«Sono una scrittrice. Mi sono mai sentita meno rispettata per questa ragione? Forse, qualche volta. Ho lasciato che questo mi infastidisse? No, perché non posso farci nulla se non fare il mio mestiere il meglio possibile».
Così apre la Lectio Magistralis Elizabeth Strout, con cui si inaugura la prima giornata del Salone del Libro di Torino, accolta, alla sua entrata, da uno scroscio prolungato di applausi da parte del numeroso pubblico, 450 posti per l’esattezza.
Tanti no, tanti romanzi rifiutati o liquidati con commenti che la incitano a mollare ma una sensazione, dentro di lei, che la spinge a perseverare. È proprio quello stesso istinto che la porta ad essere la scrittrice di enorme successo che è oggi.
Infatti la Strout, classe 1968, nel 2009, ha vinto il Premio Pulitzer per la narrativa con il romanzo Olive Kitteridge (2008), che è stato anche premiato con il Premio Bancarella nel 2010 e il Premio Mondello nel 2012. Alcuni dei suoi romanzi di successo includono I ragazzi Burgess (2013) e Mi chiamo Lucy Barton (2016). Il suo seguito, Lucy davanti al mare, è stato pubblicato nel 2022, e ha già annunciato un altro romanzo intitolato Tell Me Everything, previsto per l’uscita ad agosto 2024 negli Stati Uniti.
Una vocazione la sua che nasce da bambina, quando gioca nel bosco incontaminato del New Hampshire, incoraggiata dalla mamma, Beverly, che la sprona da subito a scrivere, da quello che si fa scuola al descrivere il calzolaio dove comprano le scarpe, e a osservare le persone.
«Mia mamma mi ha sempre stimolata e fu proprio lei a darmi dei quaderni chiedendomi di scrivere quello che avevo fatto oggi.
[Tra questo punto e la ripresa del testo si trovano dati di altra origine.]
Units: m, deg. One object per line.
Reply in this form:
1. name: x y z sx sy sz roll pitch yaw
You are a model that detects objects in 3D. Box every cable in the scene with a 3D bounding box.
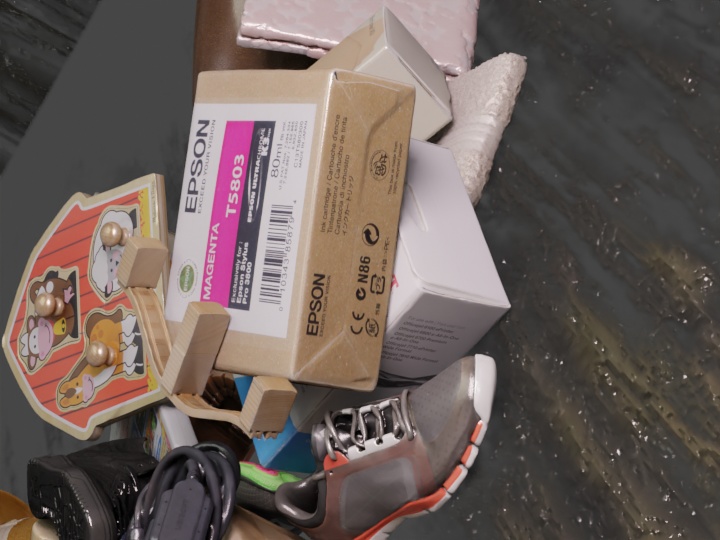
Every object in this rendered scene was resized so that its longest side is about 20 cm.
1. cable: -0.131 0.197 1.424 0.200 0.050 0.164 -83 18 -59

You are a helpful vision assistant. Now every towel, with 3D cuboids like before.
1. towel: 0.004 -0.230 1.785 0.201 0.189 0.032 -81 2 -45
2. towel: 0.053 -0.085 1.670 0.200 0.034 0.133 -24 42 62

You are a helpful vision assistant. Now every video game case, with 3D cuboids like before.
1. video game case: -0.166 0.160 1.735 0.182 0.024 0.201 -117 31 -51

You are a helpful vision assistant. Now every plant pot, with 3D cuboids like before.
1. plant pot: -0.068 -0.134 1.888 0.187 0.186 0.202 -178 101 -70

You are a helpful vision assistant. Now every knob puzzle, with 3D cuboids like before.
1. knob puzzle: -0.221 0.034 1.714 0.219 0.030 0.222 -11 74 44

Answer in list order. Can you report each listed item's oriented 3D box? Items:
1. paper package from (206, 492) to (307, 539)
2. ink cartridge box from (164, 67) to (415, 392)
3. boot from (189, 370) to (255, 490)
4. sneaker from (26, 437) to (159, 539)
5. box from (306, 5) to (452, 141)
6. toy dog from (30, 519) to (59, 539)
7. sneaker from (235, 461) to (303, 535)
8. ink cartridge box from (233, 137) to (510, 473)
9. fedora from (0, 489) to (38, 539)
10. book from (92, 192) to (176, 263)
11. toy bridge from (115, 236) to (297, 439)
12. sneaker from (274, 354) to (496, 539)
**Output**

Se andavamo a comprarmi le scarpette da ginnastica rosse mi diceva di descrivere il venditore» così la Strout ricorda la madre con grande affetto durante la Lectio al Salone.
«Ma non basta scrivere tutti i giorni sotto consiglio della mamma per essere scrittori», così dice convinta l’autrice.
Serve costanza, perseveranza.
La sua infatti è una passione, che la porta nel corso della vita a fare sacrifici, tra il lavoro da barista a Oxford e la scuola di legge, purché l’unica costante resti la scrittura.
Negli anni impara a osservare attentamente le persone, cerca di capire cosa avessero in testa anche se afferma che «è impossibile capire gli altri, ma possiamo capire solo noi stessi». Ma sulla metro si diverte a imitare le espressioni della gente seduta di fronte a lei e ad entrare in empatia con loro. «Una volta ho imitato l’espressione corrucciata di un uomo – racconta la Strout- nel farlo ho capito quanto cupa dovesse essere cupo».
Una caratteristica che diventa la cifra stilistica dei suoi libri, nelle storie che decide di narrare, nella loro forma più rivoluzionaria.
Una donna scrittrice da cui apprendere la lezione fondamentale per rincorrere i propri sogni: «Just keep going».